◆ ABOUT THIS TASK
Every entry below should appear in the answer exactly as written, apart from the pictures.

◆ DATA RECORDS
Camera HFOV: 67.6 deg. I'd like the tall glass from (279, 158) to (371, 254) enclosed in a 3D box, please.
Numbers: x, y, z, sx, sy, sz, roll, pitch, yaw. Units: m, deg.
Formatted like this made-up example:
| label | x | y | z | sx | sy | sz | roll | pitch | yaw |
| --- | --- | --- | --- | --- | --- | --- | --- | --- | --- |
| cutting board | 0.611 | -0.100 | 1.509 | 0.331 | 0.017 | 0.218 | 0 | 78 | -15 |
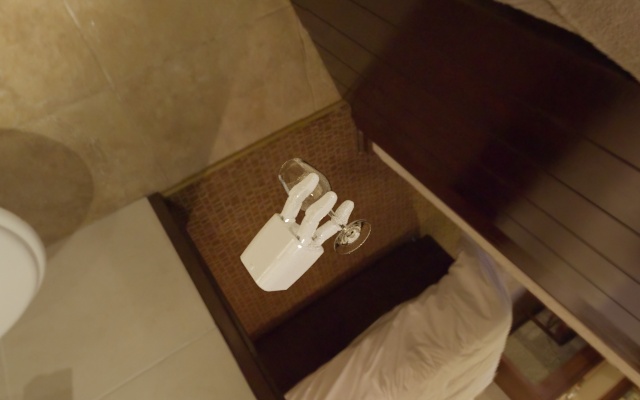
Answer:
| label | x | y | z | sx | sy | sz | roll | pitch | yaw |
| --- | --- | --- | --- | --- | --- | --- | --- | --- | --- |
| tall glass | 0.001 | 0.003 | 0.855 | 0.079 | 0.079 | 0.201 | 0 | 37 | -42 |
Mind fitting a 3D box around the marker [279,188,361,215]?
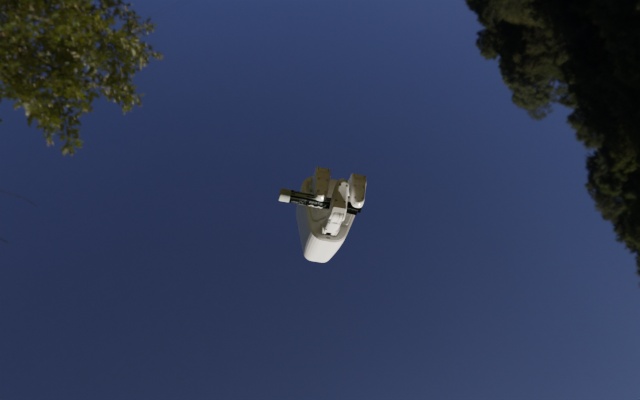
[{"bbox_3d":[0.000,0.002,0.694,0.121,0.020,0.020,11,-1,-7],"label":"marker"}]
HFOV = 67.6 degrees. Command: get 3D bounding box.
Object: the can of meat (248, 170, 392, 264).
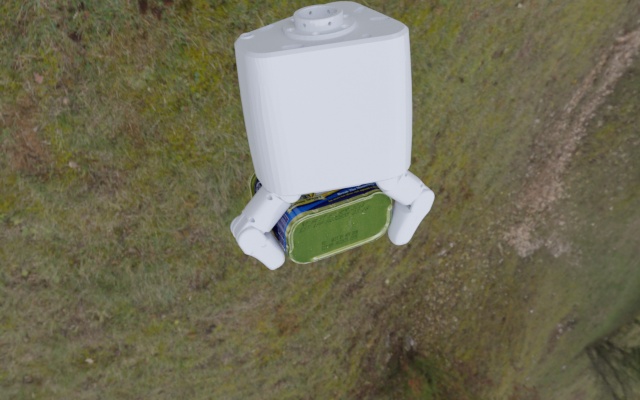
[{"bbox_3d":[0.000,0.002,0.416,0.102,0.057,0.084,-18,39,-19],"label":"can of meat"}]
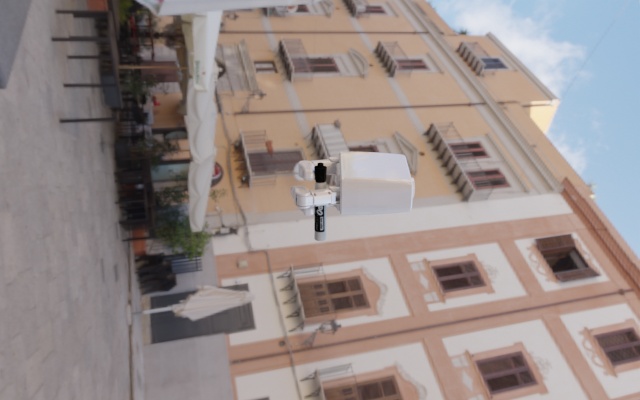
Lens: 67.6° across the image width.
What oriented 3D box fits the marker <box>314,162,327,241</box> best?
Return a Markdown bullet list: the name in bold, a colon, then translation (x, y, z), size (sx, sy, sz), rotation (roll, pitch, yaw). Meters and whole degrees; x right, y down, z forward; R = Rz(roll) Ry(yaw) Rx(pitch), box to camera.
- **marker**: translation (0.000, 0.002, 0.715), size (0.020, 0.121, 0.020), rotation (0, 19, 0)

◆ FINAL ANSWER
Camera HFOV: 67.6 deg. I'd like the tall glass from (279, 158) to (371, 254) enclosed in a 3D box, please.
Numbers: x, y, z, sx, sy, sz, roll, pitch, yaw. Units: m, deg.
Formatted like this made-up example:
| label | x | y | z | sx | sy | sz | roll | pitch | yaw |
| --- | --- | --- | --- | --- | --- | --- | --- | --- | --- |
| cutting board | 0.611 | -0.100 | 1.509 | 0.331 | 0.017 | 0.218 | 0 | 78 | -15 |
Answer:
| label | x | y | z | sx | sy | sz | roll | pitch | yaw |
| --- | --- | --- | --- | --- | --- | --- | --- | --- | --- |
| tall glass | 0.001 | 0.003 | 0.855 | 0.079 | 0.079 | 0.201 | 0 | 37 | -42 |
Mind fitting a 3D box around the marker [279,188,361,215]?
[{"bbox_3d":[0.000,0.002,0.694,0.121,0.020,0.020,11,-1,-7],"label":"marker"}]
HFOV = 67.6 degrees. Command: get 3D bounding box.
Object: the can of meat (248, 170, 392, 264).
[{"bbox_3d":[0.000,0.002,0.416,0.102,0.057,0.084,-18,39,-19],"label":"can of meat"}]
Lens: 67.6° across the image width.
What oriented 3D box fits the marker <box>314,162,327,241</box> best?
Return a Markdown bullet list: the name in bold, a colon, then translation (x, y, z), size (sx, sy, sz), rotation (roll, pitch, yaw). Meters and whole degrees; x right, y down, z forward; R = Rz(roll) Ry(yaw) Rx(pitch), box to camera.
- **marker**: translation (0.000, 0.002, 0.715), size (0.020, 0.121, 0.020), rotation (0, 19, 0)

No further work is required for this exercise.